Specify exactly 2 symbols:
Can any of the company-specific risk be diversified away by investing in both Barings Emerging and Fidelity Advisor at the same time? Although using a correlation coefficient on its own may not help to predict future stock returns, this module helps to understand the diversifiable risk of combining Barings Emerging and Fidelity Advisor into the same portfolio, which is an essential part of the fundamental portfolio management process.
By analyzing existing cross correlation between Barings Emerging Markets and Fidelity Advisor Freedom, you can compare the effects of market volatilities on Barings Emerging and Fidelity Advisor and check how they will diversify away market risk if combined in the same portfolio for a given time horizon. You can also utilize pair trading strategies of matching a long position in Barings Emerging with a short position of Fidelity Advisor. Check out your portfolio center. Please also check ongoing floating volatility patterns of Barings Emerging and Fidelity Advisor.
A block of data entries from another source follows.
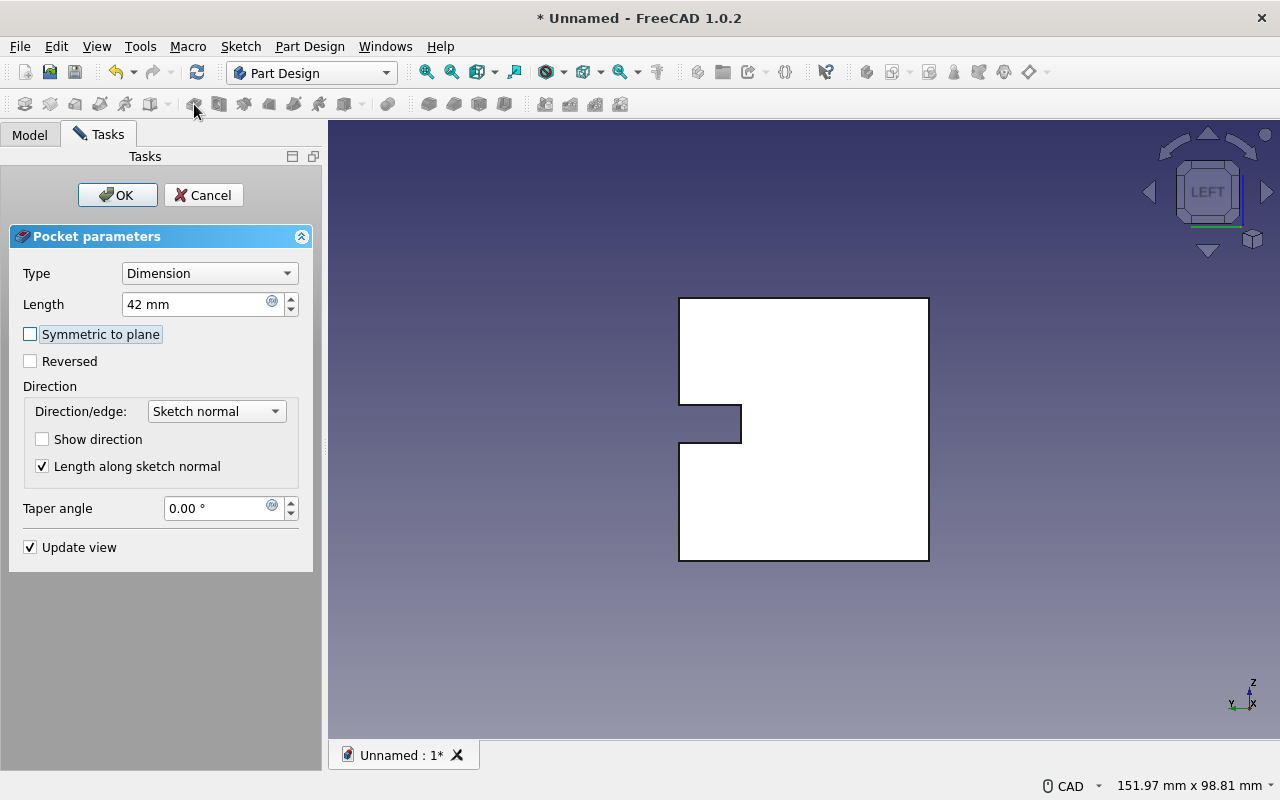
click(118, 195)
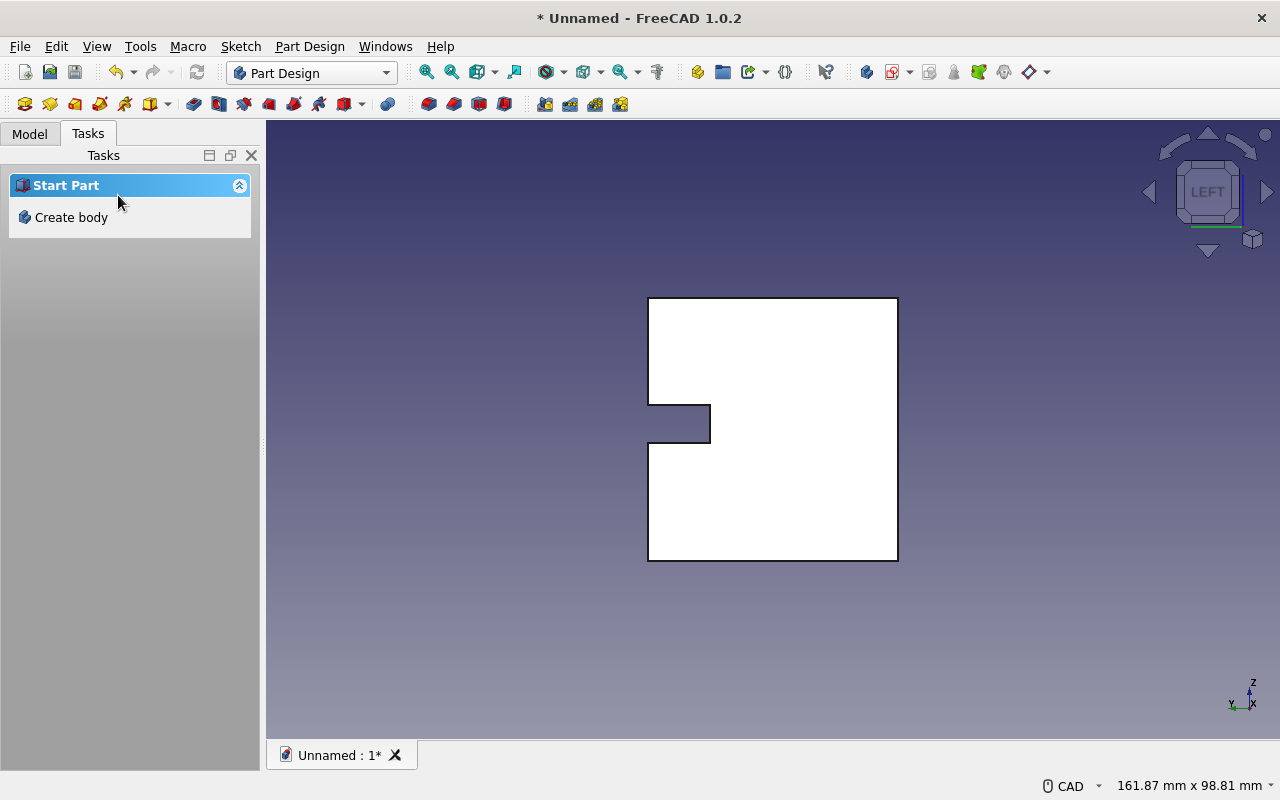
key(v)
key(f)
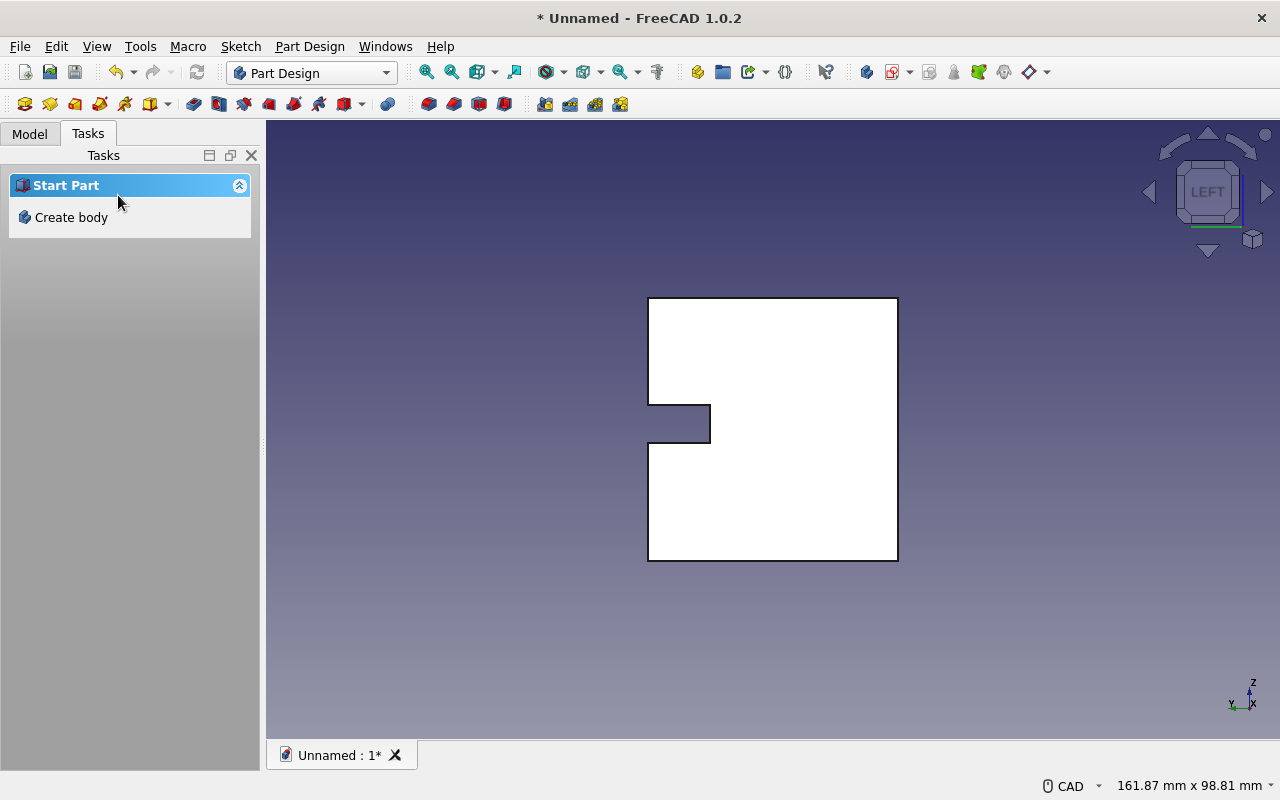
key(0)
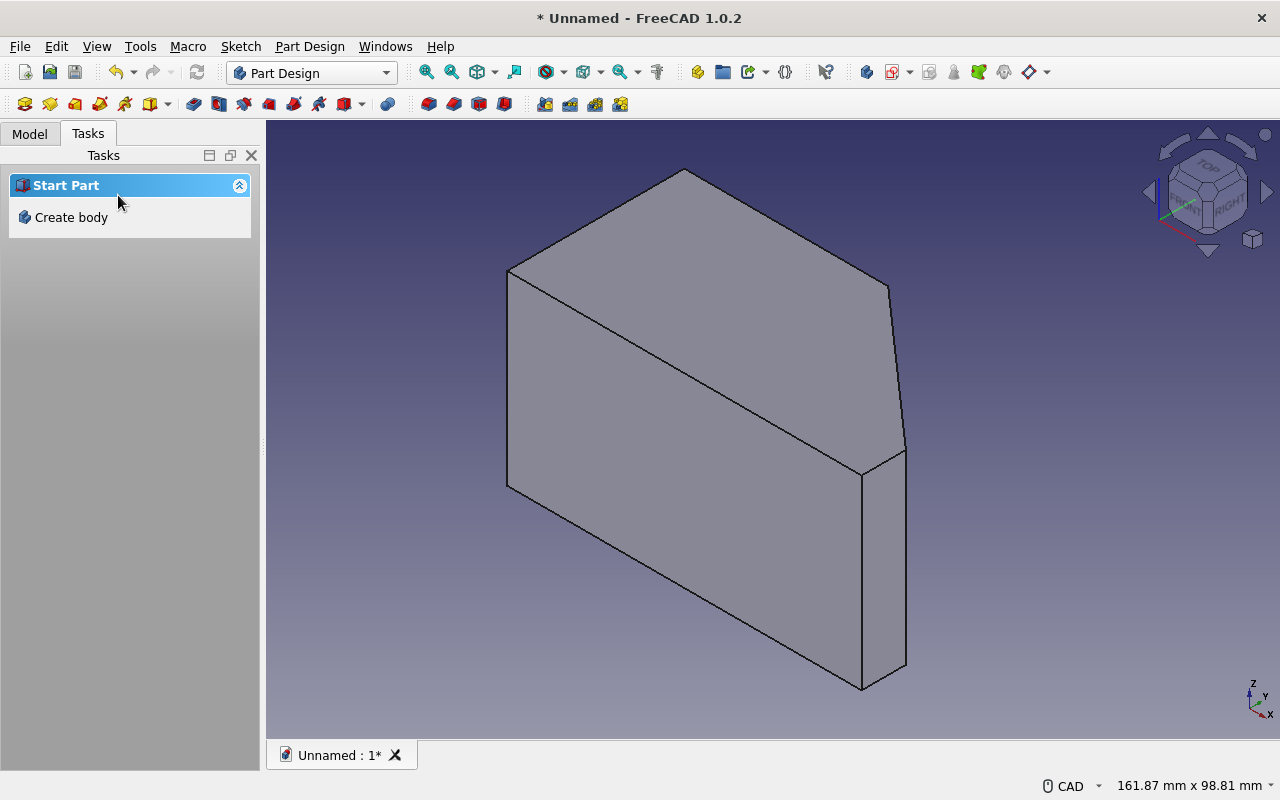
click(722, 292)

Diversification Opportunities for Barings Emerging and Fidelity Advisor

0.85
  Correlation Coefficient

Very poor diversification

The 3 months correlation between Barings and Fidelity is 0.85. Overlapping area represents the amount of risk that can be diversified away by holding Barings Emerging Markets and Fidelity Advisor Freedom in the same portfolio, assuming nothing else is changed. The correlation between historical prices or returns on Fidelity Advisor Freedom and Barings Emerging is a relative statistical measure of the degree to which these equity instruments tend to move together. The correlation coefficient measures the extent to which returns on Barings Emerging Markets are associated (or correlated) with Fidelity Advisor. Values of the correlation coefficient range from -1 to +1, where. The correlation of zero (0) is possible when the price movement of Fidelity Advisor Freedom has no effect on the direction of Barings Emerging i.e., Barings Emerging and Fidelity Advisor go up and down completely randomly.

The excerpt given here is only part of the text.